Goldberg v. Sweet
Headline: Upheld Illinois’s 5% telecommunications excise tax, allowing the State to collect the charge from customers at Illinois service addresses and requiring carriers to collect it on bills.
Holding: The Court held that Illinois’s 5% telecommunications excise tax does not violate the Commerce Clause and affirmed the Illinois Supreme Court’s judgment allowing the tax.
- Allows Illinois to collect a 5% telecom tax from consumers at Illinois service addresses.
- Requires carriers to collect the tax on retail phone bills for Illinois customers.
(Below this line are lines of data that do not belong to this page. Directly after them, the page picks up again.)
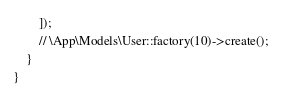<code> <loc_0><loc_0><loc_500><loc_500><_PHP_>        ]);
        // \App\Models\User::factory(10)->create();
    }
}
</code> 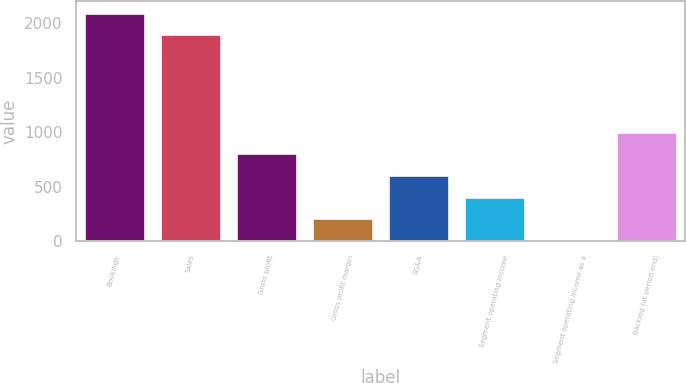Convert chart. <chart><loc_0><loc_0><loc_500><loc_500><bar_chart><fcel>Bookings<fcel>Sales<fcel>Gross profit<fcel>Gross profit margin<fcel>SG&A<fcel>Segment operating income<fcel>Segment operating income as a<fcel>Backlog (at period end)<nl><fcel>2097.62<fcel>1899.2<fcel>804.58<fcel>209.32<fcel>606.16<fcel>407.74<fcel>10.9<fcel>1003<nl></chart> 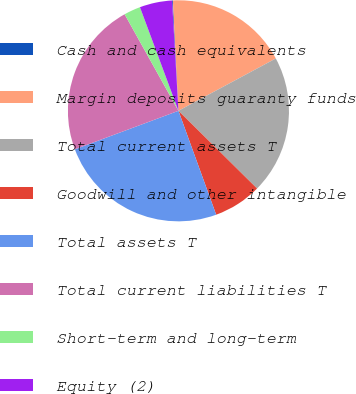Convert chart to OTSL. <chart><loc_0><loc_0><loc_500><loc_500><pie_chart><fcel>Cash and cash equivalents<fcel>Margin deposits guaranty funds<fcel>Total current assets T<fcel>Goodwill and other intangible<fcel>Total assets T<fcel>Total current liabilities T<fcel>Short-term and long-term<fcel>Equity (2)<nl><fcel>0.12%<fcel>17.95%<fcel>20.26%<fcel>7.05%<fcel>24.88%<fcel>22.57%<fcel>2.43%<fcel>4.74%<nl></chart> 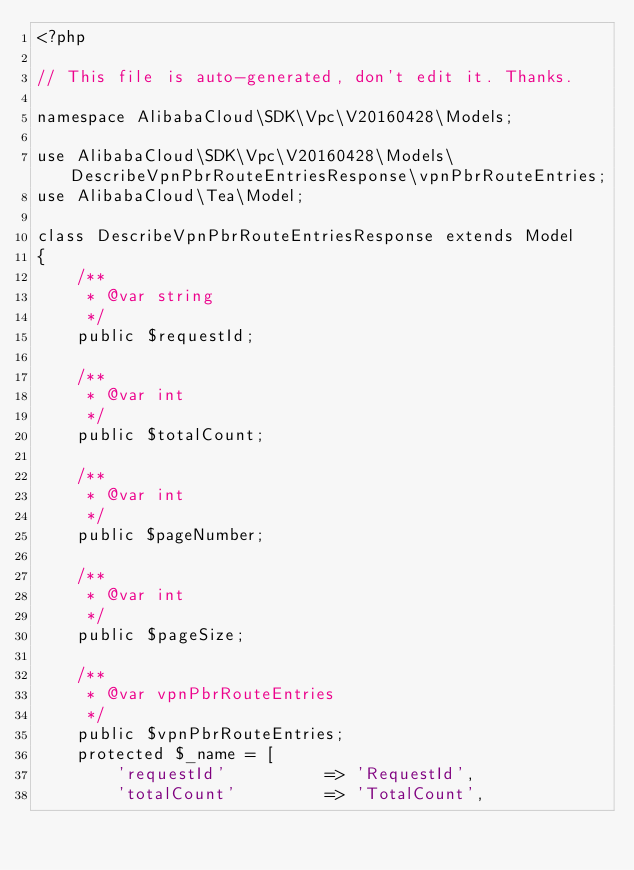Convert code to text. <code><loc_0><loc_0><loc_500><loc_500><_PHP_><?php

// This file is auto-generated, don't edit it. Thanks.

namespace AlibabaCloud\SDK\Vpc\V20160428\Models;

use AlibabaCloud\SDK\Vpc\V20160428\Models\DescribeVpnPbrRouteEntriesResponse\vpnPbrRouteEntries;
use AlibabaCloud\Tea\Model;

class DescribeVpnPbrRouteEntriesResponse extends Model
{
    /**
     * @var string
     */
    public $requestId;

    /**
     * @var int
     */
    public $totalCount;

    /**
     * @var int
     */
    public $pageNumber;

    /**
     * @var int
     */
    public $pageSize;

    /**
     * @var vpnPbrRouteEntries
     */
    public $vpnPbrRouteEntries;
    protected $_name = [
        'requestId'          => 'RequestId',
        'totalCount'         => 'TotalCount',</code> 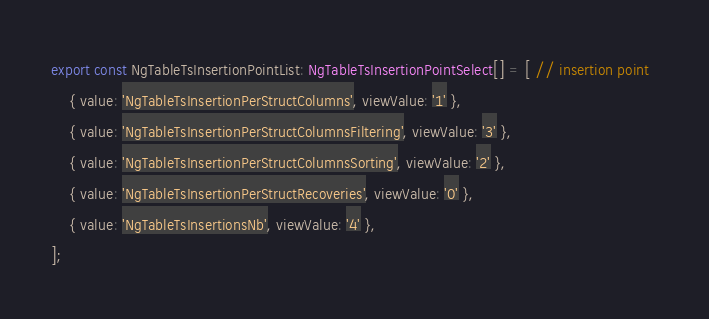<code> <loc_0><loc_0><loc_500><loc_500><_TypeScript_>export const NgTableTsInsertionPointList: NgTableTsInsertionPointSelect[] = [ // insertion point	
	{ value: 'NgTableTsInsertionPerStructColumns', viewValue: '1' },
	{ value: 'NgTableTsInsertionPerStructColumnsFiltering', viewValue: '3' },
	{ value: 'NgTableTsInsertionPerStructColumnsSorting', viewValue: '2' },
	{ value: 'NgTableTsInsertionPerStructRecoveries', viewValue: '0' },
	{ value: 'NgTableTsInsertionsNb', viewValue: '4' },
];
</code>

- Limits other States’ ability to tax mere signal passage through their territory.
Summary
Background
Illinois residents Jerome Goldberg and Robert McTigue and long-distance carriers challenged Illinois’ 1985 Telecommunications Excise Tax Act. The law imposed a 5% tax on the gross charge for calls that originate or end in Illinois or are charged to an Illinois service address, and it imposed the same 5% on purely local calls. The Act provides a credit to avoid duplicate taxation. After the state trial court invalidated the law, the Illinois Supreme Court upheld it and the U.S. Supreme Court reviewed the case.
Reasoning
The central question was whether the tax violated limits on state taxation of interstate commerce. The Court applied the four-part Complete Auto test and found Illinois had a sufficient connection to the taxed calls. The tax was fairly apportioned because it resembles a sales tax, the risk of multiple taxation was low, a credit prevents actual double taxation, and measuring in-state “mileage” of electronic signals is impractical. The Court also found the tax nondiscriminatory and reasonably related to benefits Illinois provides to its telephone customers.
Real world impact
The decision permits Illinois to continue collecting the 5% tax from consumers tied to Illinois service addresses and requires carriers to collect it on retail bills. It limits the ability of other States to claim authority to tax mere signal passage and affirms use of credits to prevent double taxation. The ruling recognizes practical limits from modern telecommunications technology when shaping tax rules.
Dissents or concurrances
Several Justices joined the judgment but disagreed about parts of the reasoning. Justice Stevens and Justice O’Connor objected to some of the Court’s statements about discrimination and the internal consistency test. Justice Scalia agreed with the result but would invalidate taxes only if they facially discriminate.